The IFISA allows experienced investors to hold alternative investments such as property bonds and SME loans within the tax wrapper, with its underlying assets uncorrelated with both the fluctuations of the stock market and the BoE base rate.
And when investing into a property-backed IFISA in particular, experienced investors could target returns often in excess of an inflation-beating 7%, all while gaining exposure to the UK property market, which has proven extremely resilient and performed exceptionally well even under extenuating circumstances.
To put these potential gains into perspective and truly highlight the power of the ISAs tax-free status, it’s worth noting that to target 7% outside of the ISA wrapper, this equates to a Gross Equivalent Return of over 12% for additional-rate taxpayers.
Experienced investors who are already witnessing the effects of rising inflation on their ISA portfolio – either due to the rock-bottom Cash ISA interest rates or volatile equities market – could also make use of ISA transfers to move funds to an ISA product that more closely aligns with their goals amidst current market conditions.

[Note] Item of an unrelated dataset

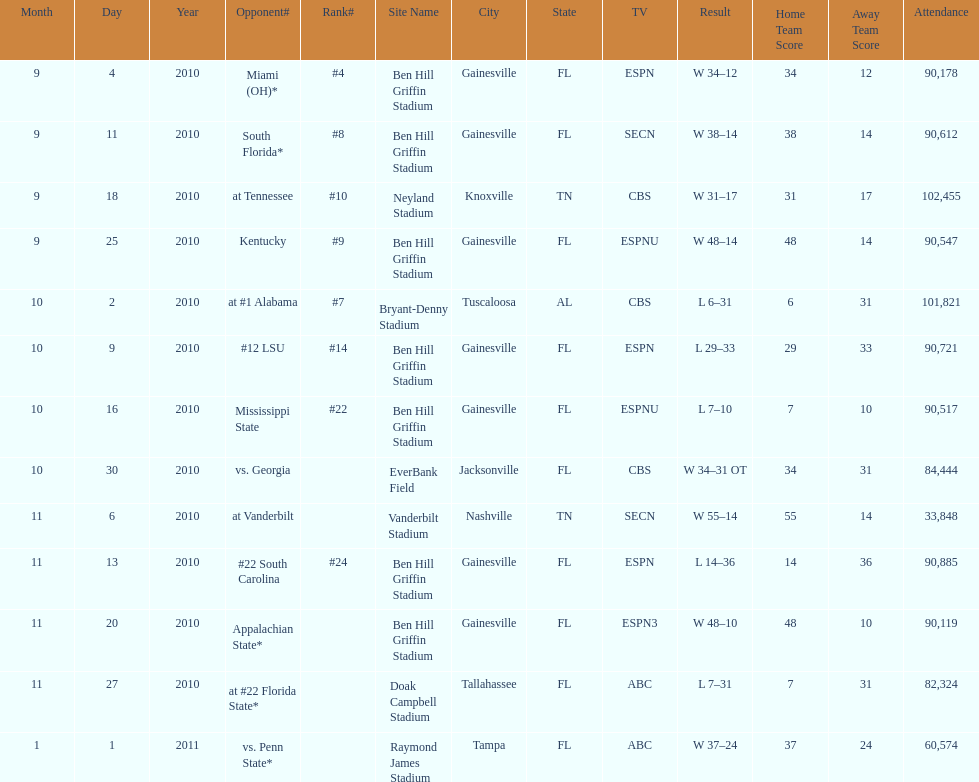What tv network showed the largest number of games during the 2010/2011 season? ESPN.

For example, an experienced investor with £50,000 subscribed to a Cash ISA from previous tax years who wants to rebalance their portfolio away from low-yielding cash to a higher risk/higher target return ISA product could transfer some or all of their capital to an IFISA and/or Stocks and Shares ISA.
In addition, they could also subscribe their £20,000 ISA allowance from 2021/22 to their IFISA and/or Stocks and Shares ISA, meaning both their past and current allowances are working their hardest to meet their investment objectives.
Using the ISA allowance to its maximum
It’s clear now more than ever that utilising tax incentives such as the tax-free ISA allowance to aid in maximising potential returns is crucial for experienced investors.
And with inflation expected to continue to soar whilst interest rates on cash remain slow-moving, investment-based ISAs with significantly more growth potential – such as the IFISA – should be a core consideration for experienced investors with the appropriate appetite for risk.